Катя смущенно вспыхнула и спряталась за монитором.
— Мне надо подготовиться к совету, — раздалось оттуда. — Идите прогуляйтесь, вы мне мешаете.
Вот так Жданова и выставили из кабинета.
— Да, Малиновский, будет скандал. Даже будут жертвы! Но ты не представляешь, какое это счастье!
— А я видел, между прочим, сегодня Кирюшу. Скажем прямо — она в похмелье и ярости. Так что на твоем месте я бы запасся бронежилетом и каской.
— Да черт с ней, с Кирюшой. Сейчас главное — это Катюша.

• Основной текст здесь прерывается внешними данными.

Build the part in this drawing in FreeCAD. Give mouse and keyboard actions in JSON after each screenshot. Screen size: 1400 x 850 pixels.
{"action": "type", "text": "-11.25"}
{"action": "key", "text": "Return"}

— Выходилааа песнюю завоодилааа, — затянул Малиновский. — Жданов, ты мне надоел! Я не знаю, кем ты себя чувствуешь последнее время, но выглядишь ты как персонаж из книги «Идиот» под редакцией нашего курьера — Федора Михайловича Короткова. Жданов, послушай меня в последний раз. Твоя жизнь — это Зималетто. Впрочем, как и Кирина, и Сашкина, и твоих родителей. Они, между прочим, отчисления получают. А ты что, в одночасье хочешь, ради своей прихоти, все финансовое благополучие под откос пустить? Прекрасно! А чем они жить-то будут? В дворники пойдут?
— Если бы у меня была возможность прожить эту жизнь хотя бы дважды, я бы принес себя в жертву! Но знать, что совершаешь ошибку, и не пытаться её исправить — это глупо! Поэтому я вчера всем сообщил об отмене свадьбы, — безмятежно ответил Жданов, полностью довольный собой.

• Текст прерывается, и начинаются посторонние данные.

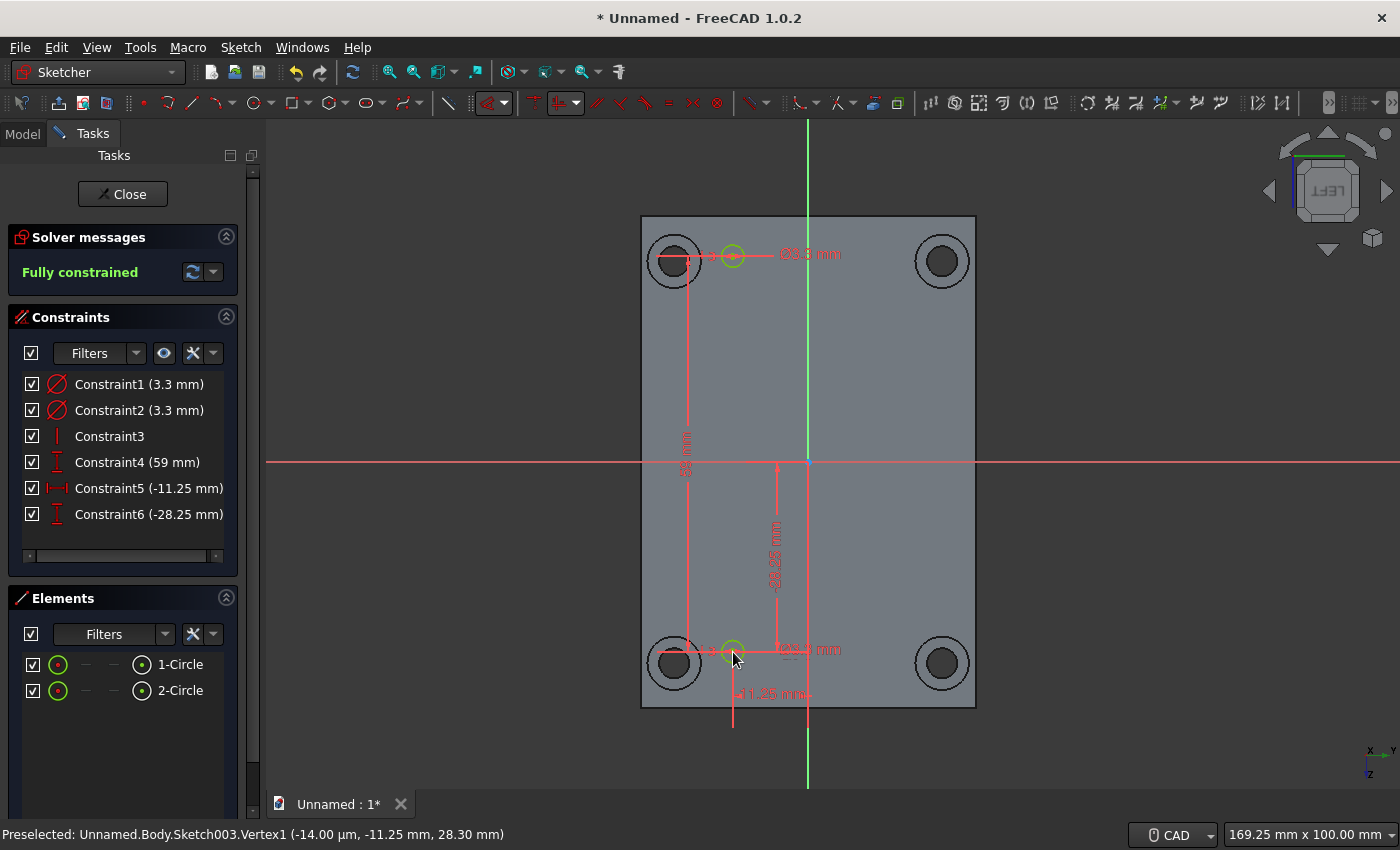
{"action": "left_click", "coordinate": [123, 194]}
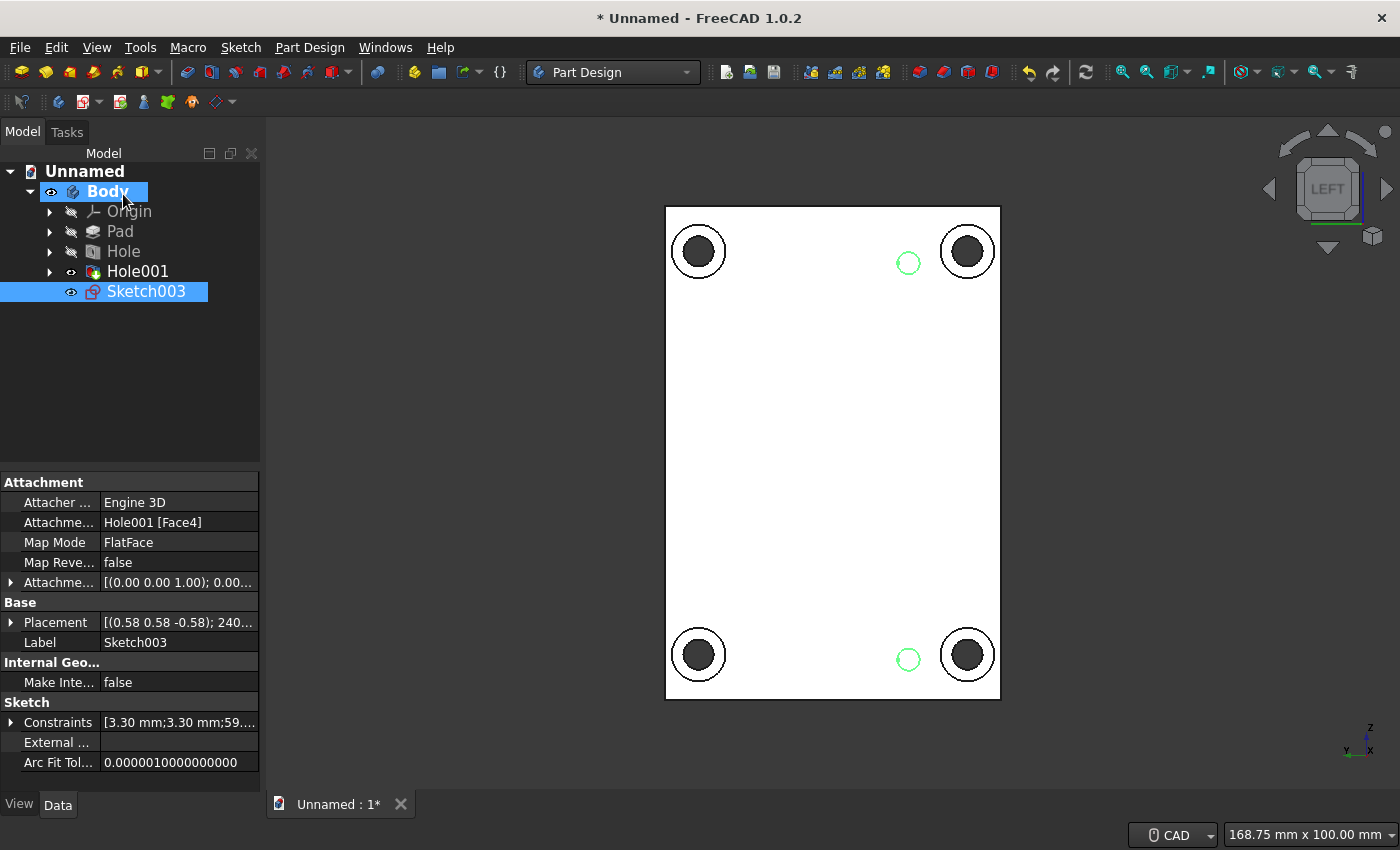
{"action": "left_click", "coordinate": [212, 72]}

— Всем — это кому? — насторожился Малиновский. — Тебе и твоим множественным личностям?
— Всем — это родителям и Кире.
— Во дурак-то! — схватился за голову Ромка.
Не в силах оставаться на месте, Жданов сорвался с кресла и рванул в сторону комнаты с ксероксом. Вдруг испугался, что папки окажутся слишком тяжелыми для Кати.
— Андрей… Павлович? — удивилась она.
Он забрал стопку бумаг из её рук.
— Кать, а когда станет известен пол ребенка? — спросил он. — Ну в смысле, девочка это или мальчик. Ужасно любопытно.
Катя бросила на него изумленный взгляд.
— Вам любопытно? — спросила она.
— Ну разумеется. А над именем вы уже…
— Вот вы где, — заглянула Кира. Она плохо выглядела — бледная, темные круги под глазами, голос на грани нервного срыва. — Акционеры собираются в конференц-зале, вы изволите появиться?
— Конечно, Кира, — с готовностью подтвердил Жданов. — Вот сейчас допечатаем отчеты и придем.
— И с каких пор президент компании стоит за ксероксом? — прищурилась она. — Ты теперь всю работу за Пушкареву будешь выполнять?
— А что, — воодушевился он, — я могу.
— Как долго ты будешь продолжать этот цирк?
Жданов демонстративно принялся раскладывать бумаги по папкам.
— Андрей Павлович просто волнуется перед показом, — объяснила Катя.
— А я, кажется, вас ни о чем не спрашивала, — высокомерно обронила Кира.
— Кира! — возмутился Жданов.
— Не смей на меня орать из-за Пушкаревой, — выпалила та и унеслась прочь.
— Извините, Катя, не в себе человек, — посетовал Жданов.
— Разумеется, не в себе. Вы вчера отменили её свадьбу! Вы хоть представляете себе, как это больно? — обрушилась на него Пушкарева. — Вы должны поговорить с Кирой Юрьевной. Как-то успокоить её.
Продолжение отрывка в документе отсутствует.